Of the current study's participants, 30 took the medical food product to treat their HHcy for 18.6 ± 16.1 months (63% women; mean age at baseline, 76.0 years), while the other 37 did not have HHcy (65% women; mean age, 71.6 years).

Interestingly, a subsample of the treated group did not receive the product for “varying periods

of time,” the authors note (duration, 12.6 ± 5.6 months). “This allowed a within subject analysis of HHcy patients that could evaluate the effect of HHcy with and without [CerefolinNAC] treatment on cognitive decline.”

Regional brain volume was measured in all participants at baseline and at end of study.

Significant Delay in Atrophy

The hippocampal atrophy rate decreased over time, up to a high of 4.25 times slower for the HHcy plus medical food group compared with the group with no HHcy plus no medical food (slope, 0.42 vs 0.08 mm3 per year; P < .02).

The cortical atrophy rate decreased to 11.2 times slower (slope, 4.27 vs 0.35 mm3 per year; P < .0001).

Dr. Hara pointed out that doing the main group comparisons the way they did “introduced a higher bar to overcome”because individuals with both HHcy and ADRD “are already handicapped by faster brain atrophy from the beginning.”

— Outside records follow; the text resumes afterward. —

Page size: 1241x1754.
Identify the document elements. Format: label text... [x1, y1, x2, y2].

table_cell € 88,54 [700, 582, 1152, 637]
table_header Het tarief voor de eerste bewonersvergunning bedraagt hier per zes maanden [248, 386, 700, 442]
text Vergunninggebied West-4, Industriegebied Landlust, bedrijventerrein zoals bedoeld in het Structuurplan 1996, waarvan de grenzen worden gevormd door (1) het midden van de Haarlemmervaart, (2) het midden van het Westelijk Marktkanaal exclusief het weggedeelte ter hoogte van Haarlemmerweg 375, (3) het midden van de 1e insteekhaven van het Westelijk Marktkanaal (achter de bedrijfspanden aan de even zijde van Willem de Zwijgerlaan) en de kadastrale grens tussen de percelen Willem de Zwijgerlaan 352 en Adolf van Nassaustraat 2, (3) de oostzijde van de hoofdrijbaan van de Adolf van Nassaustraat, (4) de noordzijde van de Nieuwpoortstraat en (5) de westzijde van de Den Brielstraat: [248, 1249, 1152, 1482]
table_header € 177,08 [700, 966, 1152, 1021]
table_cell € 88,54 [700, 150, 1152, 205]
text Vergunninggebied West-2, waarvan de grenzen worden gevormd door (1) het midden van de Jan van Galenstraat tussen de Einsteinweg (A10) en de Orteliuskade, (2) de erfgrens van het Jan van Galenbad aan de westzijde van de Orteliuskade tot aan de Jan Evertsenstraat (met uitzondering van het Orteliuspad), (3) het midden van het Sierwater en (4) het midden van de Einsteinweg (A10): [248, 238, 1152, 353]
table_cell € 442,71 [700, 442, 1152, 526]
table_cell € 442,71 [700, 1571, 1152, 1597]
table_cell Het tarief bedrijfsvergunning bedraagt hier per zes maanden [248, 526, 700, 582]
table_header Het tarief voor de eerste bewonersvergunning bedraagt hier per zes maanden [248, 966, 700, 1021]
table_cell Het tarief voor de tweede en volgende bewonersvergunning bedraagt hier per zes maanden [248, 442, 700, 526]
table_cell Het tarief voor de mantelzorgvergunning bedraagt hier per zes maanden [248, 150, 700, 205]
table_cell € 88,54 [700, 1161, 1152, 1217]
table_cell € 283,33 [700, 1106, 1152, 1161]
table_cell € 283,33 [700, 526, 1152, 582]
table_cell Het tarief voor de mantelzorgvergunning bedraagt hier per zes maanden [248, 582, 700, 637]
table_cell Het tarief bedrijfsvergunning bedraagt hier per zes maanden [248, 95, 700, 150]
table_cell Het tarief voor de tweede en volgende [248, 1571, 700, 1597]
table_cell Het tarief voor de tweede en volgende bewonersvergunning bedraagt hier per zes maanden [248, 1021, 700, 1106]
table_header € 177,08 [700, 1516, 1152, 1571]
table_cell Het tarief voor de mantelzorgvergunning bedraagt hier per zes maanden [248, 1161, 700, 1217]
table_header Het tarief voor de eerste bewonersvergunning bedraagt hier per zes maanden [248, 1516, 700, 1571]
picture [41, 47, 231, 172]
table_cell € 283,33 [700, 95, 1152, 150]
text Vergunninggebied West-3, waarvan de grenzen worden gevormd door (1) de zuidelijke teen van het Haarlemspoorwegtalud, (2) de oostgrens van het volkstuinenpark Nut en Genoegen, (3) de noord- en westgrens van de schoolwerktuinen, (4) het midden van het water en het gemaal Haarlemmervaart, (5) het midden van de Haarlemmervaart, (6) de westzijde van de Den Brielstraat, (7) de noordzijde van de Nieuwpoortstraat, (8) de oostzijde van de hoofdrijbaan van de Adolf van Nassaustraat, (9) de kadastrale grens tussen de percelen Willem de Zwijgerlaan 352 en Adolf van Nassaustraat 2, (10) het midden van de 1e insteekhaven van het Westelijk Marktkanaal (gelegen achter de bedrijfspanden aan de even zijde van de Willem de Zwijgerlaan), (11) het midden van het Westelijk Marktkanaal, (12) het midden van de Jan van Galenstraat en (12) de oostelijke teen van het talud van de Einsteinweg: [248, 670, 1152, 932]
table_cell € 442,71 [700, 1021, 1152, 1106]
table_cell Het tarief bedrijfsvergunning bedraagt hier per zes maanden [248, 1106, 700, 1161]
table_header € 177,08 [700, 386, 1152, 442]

Compared with the no HHcy plus no medical food group, atrophy of the forebrain parenchyma “including white matter” was only significantly slower in the HHcy plus medical food group with comorbid CVD (P < .003).

The subanalysis also showed significantly lower CVD atrophy rates in the HHcy plus medical food group vs the subsample who went off treatment for a duration of time (HHcy plus no treatment). There were no rate differences between the HHcy plus no treatment and the no HHcy plus no treatment groups.

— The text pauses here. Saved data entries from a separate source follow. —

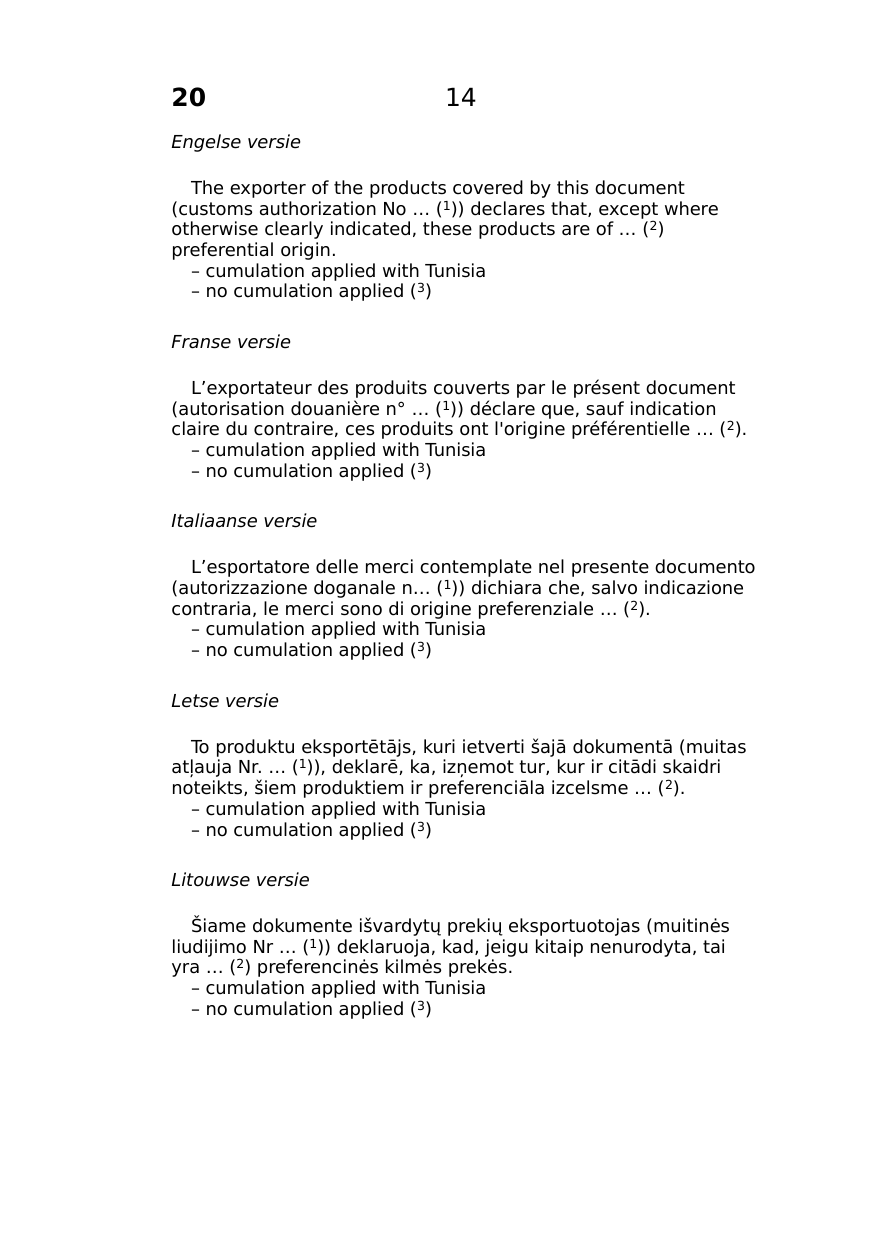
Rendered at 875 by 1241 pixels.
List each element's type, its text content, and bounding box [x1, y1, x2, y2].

text L’esportatore delle merci contemplate nel presente documento (autorizzazione doganale n… (1)) dichiara che, salvo indicazione contraria, le merci sono di origine preferenziale … (2). [171, 557, 756, 619]
text The exporter of the products covered by this document (customs authorization No … (1)) declares that, except where otherwise clearly indicated, these products are of … (2) preferential origin. [171, 178, 756, 261]
text – cumulation applied with Tunisia [171, 619, 756, 640]
subtitle Litouwse versie [171, 870, 756, 891]
subtitle Engelse versie [171, 132, 756, 153]
text L’exportateur des produits couverts par le présent document (autorisation douanière n° … (1)) déclare que, sauf indication claire du contraire, ces produits ont l'origine préférentielle … (2). [171, 378, 756, 440]
text – no cumulation applied (3) [171, 281, 756, 302]
subtitle Letse versie [171, 691, 756, 711]
text – no cumulation applied (3) [171, 461, 756, 481]
text – cumulation applied with Tunisia [171, 261, 756, 281]
text – cumulation applied with Tunisia [171, 799, 756, 819]
text – cumulation applied with Tunisia [171, 978, 756, 999]
text Šiame dokumente išvardytų prekių eksportuotojas (muitinės liudijimo Nr … (1)) deklaruoja, kad, jeigu kitaip nenurodyta, tai yra … (2) preferencinės kilmės prekės. [171, 916, 756, 978]
text – no cumulation applied (3) [171, 999, 756, 1019]
text To produktu eksportētājs, kuri ietverti šajā dokumentā (muitas atļauja Nr. … (1)), deklarē, ka, izņemot tur, kur ir citādi skaidri noteikts, šiem produktiem ir preferenciāla izcelsme … (2). [171, 736, 756, 799]
text – no cumulation applied (3) [171, 640, 756, 661]
text – cumulation applied with Tunisia [171, 440, 756, 461]
subtitle Franse versie [171, 332, 756, 353]
text – no cumulation applied (3) [171, 819, 756, 840]
subtitle Italiaanse versie [171, 511, 756, 532]

In addition, there were no significant hippocampal and cortical atrophy findings for those with HHcy plus no treatment.

Overall, “the findings on HHcy management cannot be extrapolated to treating patients with normal homocysteine levels,” note the investigators. However, the results “warrant further investigation of [CerefolinNAC] in managing HHcy in a variety of cognitive disorders for at least two years.”

Dr. Hara added that the reason they had these results compared with past research is perhaps because the older studies didn't treat patients long enough.

“Some of those studies were 12 months, 18 months long. Lasting at least 2 years seems to be key for those with Alzheimer's disease,” she said.